After Handel settled in England, he found a collection of poems and produced what is now usually known as the Nine German Arias. Five of these are on this CD. Also by Handel is HWV 371, from Walsh’s publication Twelve Sonatas, suggested to be published shotgun style as suitable for the “German flute, hautboy, and violin” to appeal to as many purchasers as possible. There is also a devotional cantata for soprano and instruments by Buxtehude. The CD program notes suggest that the intention is to focus “on the personal, devotional nature of the Lutheran faith.” The organizational structure is not at once obvious. The performers are definitely up to performing all of the sonatas and all of the arias and all of Buxtehude’s organ work as well. It is to be hoped that this is a sampler foretelling the issue of all this music by these performers; they’re that good.

Buxtehude’s principal instrument in the Marienkirche in Lübeck is documented to have been poorly maintained; much of Buxtehude’s music suggests that he viewed it more as a gigantic, spectacular color machine than as an instrument for rigid polyphony. The Pasi instrument used for this recording is a fine, medium-size church instrument, but without the spectacle of the monster in Lübeck. Parker’s playing is precise and clean. His sense of phrasing and tempo is delightful. He makes a clear case that he should undertake a recording of all of Buxtehude, but perhaps on a bigger, more theatrical organ in seventeenth-century style.

A handsome 12-page booklet is rich with photographs, performer biographies, and program notes. The list of tracks is printed on a separate inlay card in the CD case. The sound quality is superb on both the instrumental tracks and the solo organ tracks, but the sound of the room is very different between organ and instruments, even though all the music was recorded in the same building.
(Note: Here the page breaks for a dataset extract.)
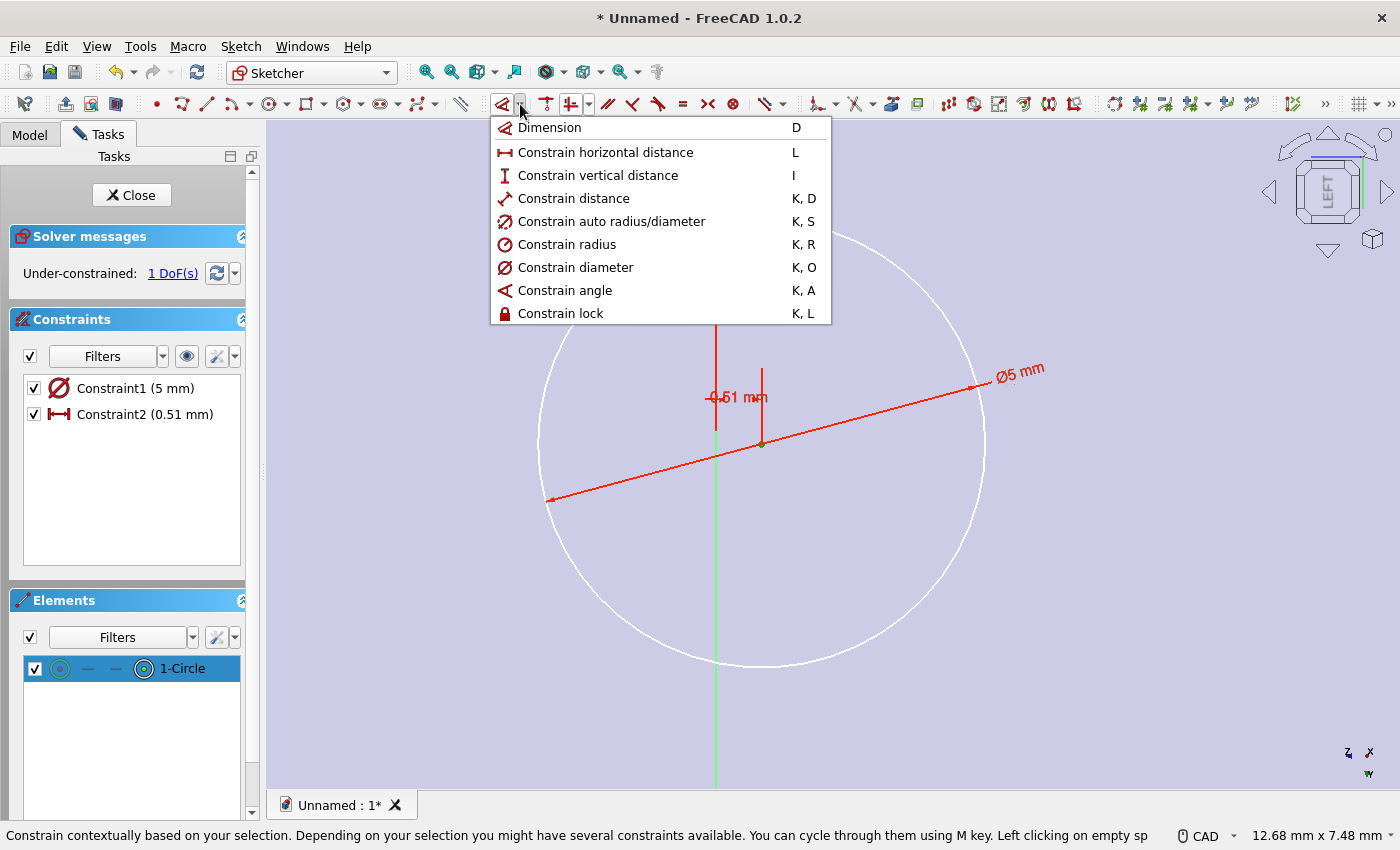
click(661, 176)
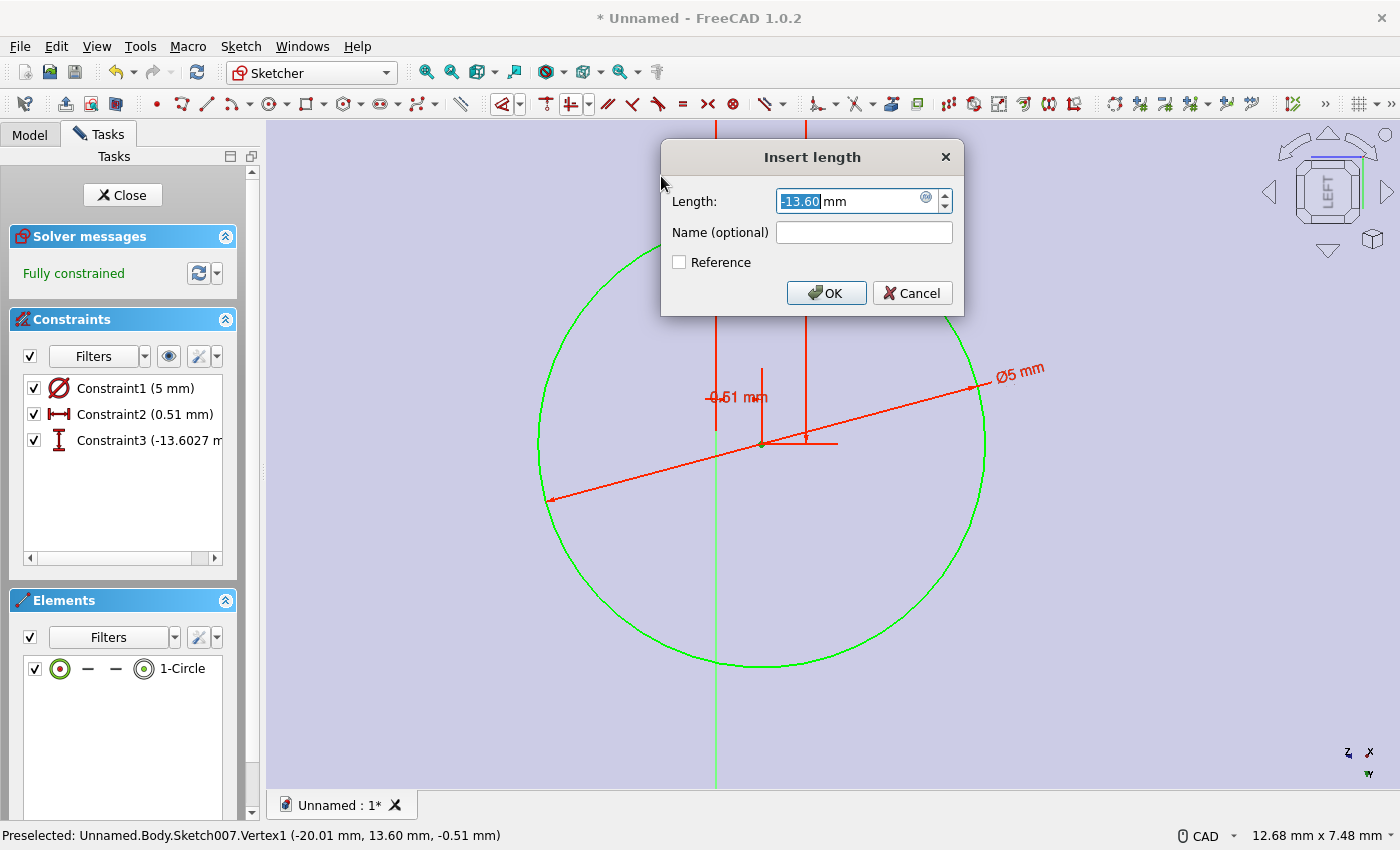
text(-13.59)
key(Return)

The music, taken as a whole, is marvelous, but the strict alternation of a Buxtehude solo organ piece with a Handel instrument/vocal piece is a strange jumble. At first it might seem that the organ pieces are meant to be some kind of intonation, but the succeeding pieces are mostly in another key. Nothing clashes horribly, but there is no fluid transition. There are seven Buxtehude organ solos chosen seemingly at random. They are all finely played, but they relate neither to each other nor to the Handel.

So it’s a jumble. But it’s a magnificent jumble. Sopranos Fox and Stapleton, with voices of different timbre, have splendid intonation, excellent articulation, acceptable pronunciation, and lyric style. Violinist Lesinska plays the Handel sonata like a dream, along with Parker’s stylish accompaniment on the virginal; the virginal has a much smoother tone than a harpsichord, and sounds charmingly domestic. Austin’s playing in the Buxtehude cantata is clever and informed; Brogdon is facile on his instrument, as well.

This is a sparkling CD, one deserving of your purchase, one that it is hoped is only the first in a strong series.